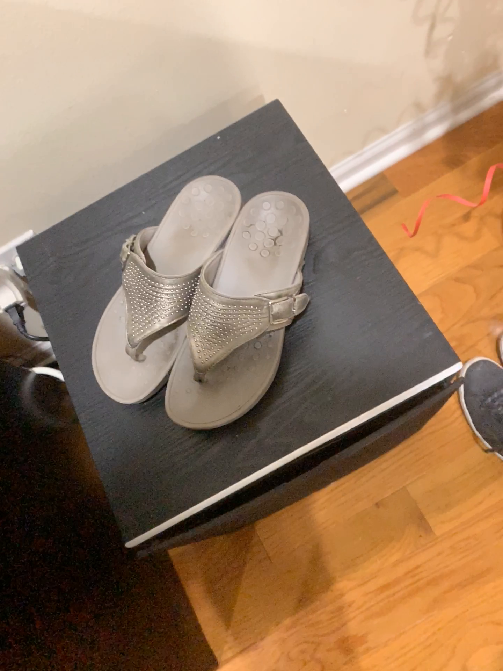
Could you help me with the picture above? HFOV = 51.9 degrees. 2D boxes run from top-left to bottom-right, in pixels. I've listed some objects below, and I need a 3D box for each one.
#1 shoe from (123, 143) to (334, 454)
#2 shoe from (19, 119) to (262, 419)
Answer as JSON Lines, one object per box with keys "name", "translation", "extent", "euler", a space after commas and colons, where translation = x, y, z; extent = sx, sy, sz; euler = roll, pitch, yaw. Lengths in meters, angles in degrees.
{"name": "shoe", "translation": [-0.009, -0.035, 0.458], "extent": [0.108, 0.080, 0.248], "euler": [12, 76, 15]}
{"name": "shoe", "translation": [-0.092, -0.063, 0.483], "extent": [0.108, 0.080, 0.248], "euler": [19, 78, 16]}
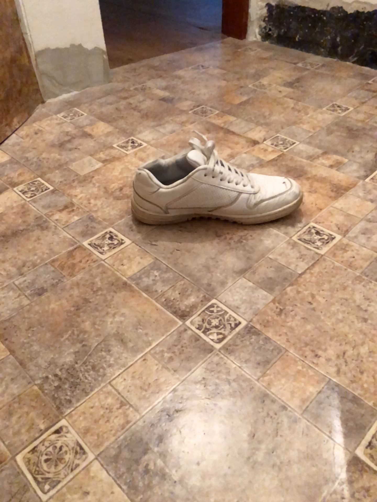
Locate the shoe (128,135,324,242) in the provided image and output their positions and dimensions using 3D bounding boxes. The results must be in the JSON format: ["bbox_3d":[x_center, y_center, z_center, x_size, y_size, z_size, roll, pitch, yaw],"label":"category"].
[{"bbox_3d":[0.054,-0.103,0.672,0.280,0.109,0.123,-3,40,0],"label":"shoe"}]
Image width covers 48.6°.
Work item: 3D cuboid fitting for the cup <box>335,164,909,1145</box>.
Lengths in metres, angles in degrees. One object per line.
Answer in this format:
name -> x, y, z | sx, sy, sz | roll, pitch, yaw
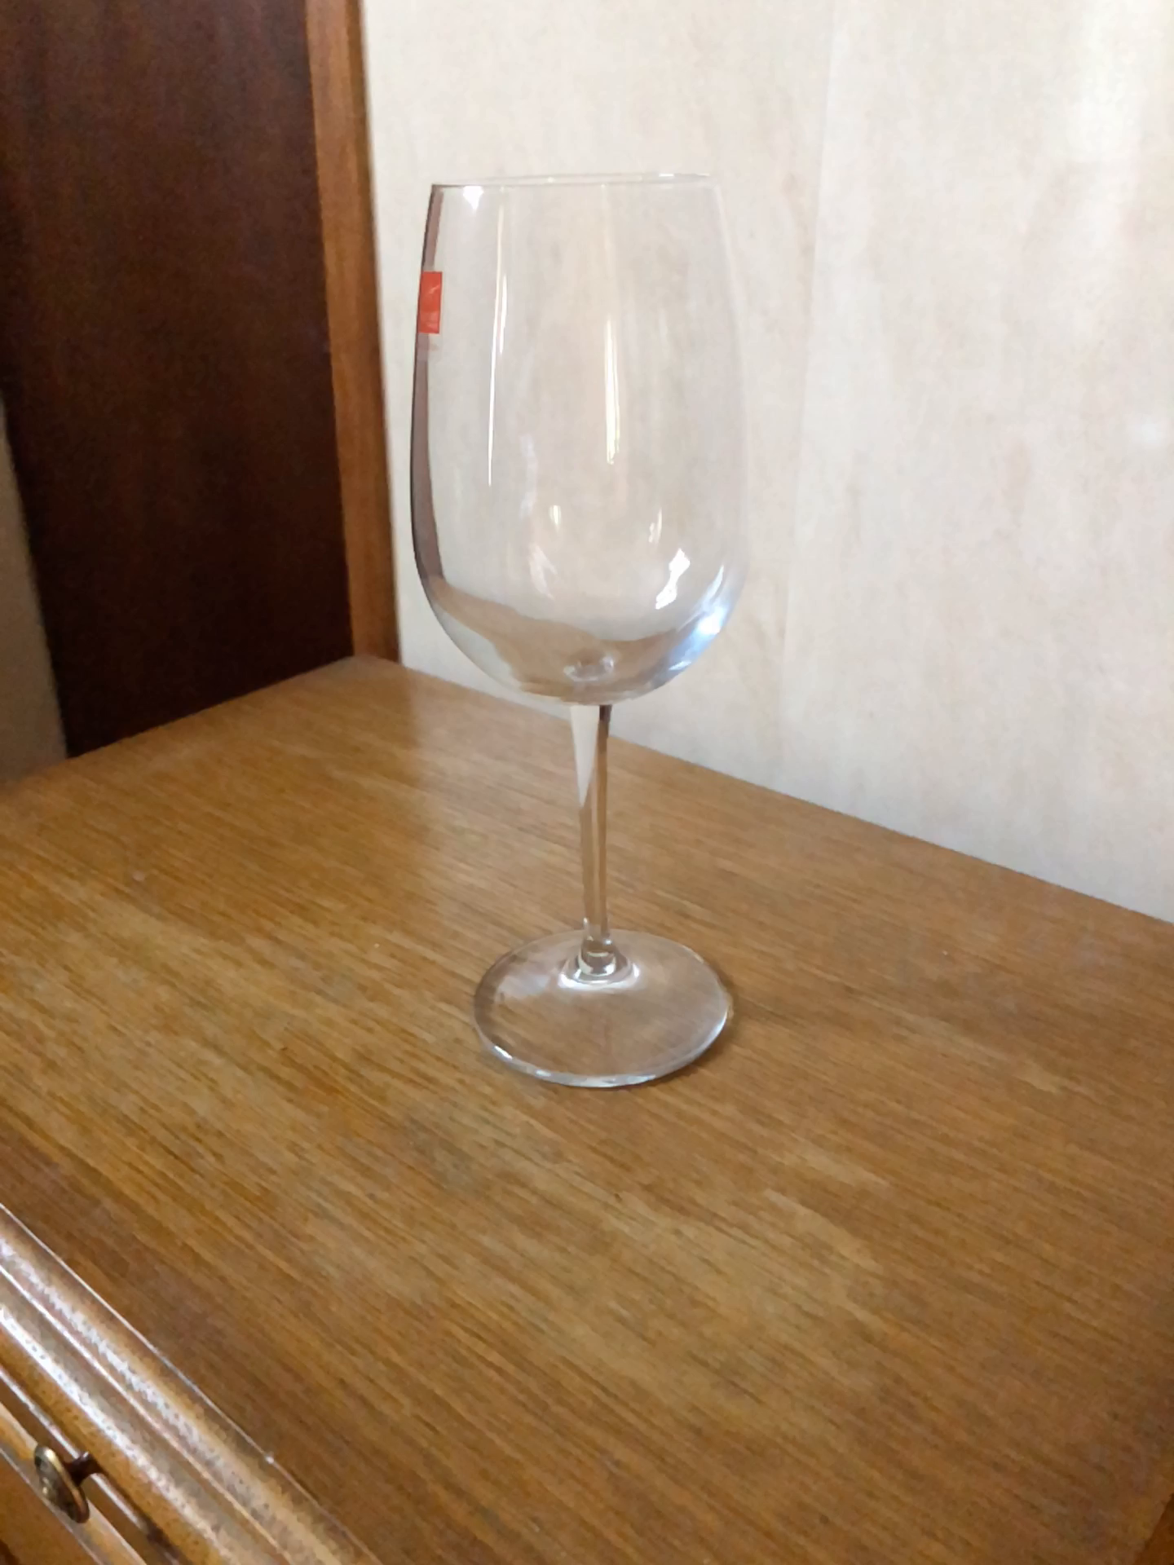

※

Repeat exactly and only the lines from the start of the data above through the line that holds "#2 shoe from (19, 119) to (262, 419)", inclusive. Pictures do not belong in the copy.

Could you help me with the picture above? HFOV = 51.9 degrees. 2D boxes run from top-left to bottom-right, in pixels. I've listed some objects below, and I need a 3D box for each one.
#1 shoe from (123, 143) to (334, 454)
#2 shoe from (19, 119) to (262, 419)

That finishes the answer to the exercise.